The move underscores the fact that millennials are watching far less live TV, and broadcasters are eager to draw them back, along with the advertisers flocking to digital.

The good news: Gamers, and e-sports fans in particular, watch more TV programming per week than average viewers. According to NewZoo, 66% of e-sports fans watch over six hours of TV, including traditional live TV, on demand video, online, and streaming. That’s compared to 64% of gamers and 61% of the total population.

The bad news: They tend to tune in wherever they are, which is often a computer or gaming console. About 33% of players who own gaming consoles like a PS4 or XBox use them to watch TV shows, according to the Entertainment Software Association, which means they’re tuning into live TV and using cable less often. And those who are playing more video games than they did three years ago are also spending 39% less time watching traditional TV.

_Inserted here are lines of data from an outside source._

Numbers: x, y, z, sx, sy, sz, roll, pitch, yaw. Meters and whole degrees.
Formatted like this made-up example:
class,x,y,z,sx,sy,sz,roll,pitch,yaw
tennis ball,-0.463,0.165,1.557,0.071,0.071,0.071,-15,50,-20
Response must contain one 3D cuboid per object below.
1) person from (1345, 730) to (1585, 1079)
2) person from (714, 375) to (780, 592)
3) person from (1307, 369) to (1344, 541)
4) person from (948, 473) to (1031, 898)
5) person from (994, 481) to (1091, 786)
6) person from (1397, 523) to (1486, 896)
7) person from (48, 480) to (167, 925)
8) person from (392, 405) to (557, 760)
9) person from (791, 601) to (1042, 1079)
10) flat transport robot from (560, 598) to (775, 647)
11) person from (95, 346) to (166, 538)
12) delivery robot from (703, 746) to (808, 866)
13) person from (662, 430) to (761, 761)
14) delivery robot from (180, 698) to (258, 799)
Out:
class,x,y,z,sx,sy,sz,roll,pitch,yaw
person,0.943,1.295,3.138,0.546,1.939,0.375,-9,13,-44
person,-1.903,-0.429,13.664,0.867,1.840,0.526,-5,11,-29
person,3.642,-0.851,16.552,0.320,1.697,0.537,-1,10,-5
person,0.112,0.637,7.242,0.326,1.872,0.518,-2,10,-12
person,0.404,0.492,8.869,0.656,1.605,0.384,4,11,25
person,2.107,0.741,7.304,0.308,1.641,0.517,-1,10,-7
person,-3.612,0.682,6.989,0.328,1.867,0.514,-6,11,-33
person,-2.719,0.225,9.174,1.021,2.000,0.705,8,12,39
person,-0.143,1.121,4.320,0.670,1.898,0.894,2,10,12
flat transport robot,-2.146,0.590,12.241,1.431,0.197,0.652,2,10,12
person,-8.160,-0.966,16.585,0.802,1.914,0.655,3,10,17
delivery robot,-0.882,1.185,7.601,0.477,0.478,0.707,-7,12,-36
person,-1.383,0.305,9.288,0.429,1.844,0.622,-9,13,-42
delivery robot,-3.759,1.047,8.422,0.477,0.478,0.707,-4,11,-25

TBS is betting that its new league with WME/IMG can convert more gamers into diehard e-sports fans, thus returning them to television. “It’s my firm belief that there are many e-sports fans who don’t know they’re e-sports fans yet,” Tobias Sherman, head of WME/IMG’s eSports division, told Variety. “Hell, I was one.”

But it will have it’s work cut out for it. ESPN dabbled in the e-sports arena with little success, and NBCUniversal pulled the plug on the video game network G4 last year because of low viewership.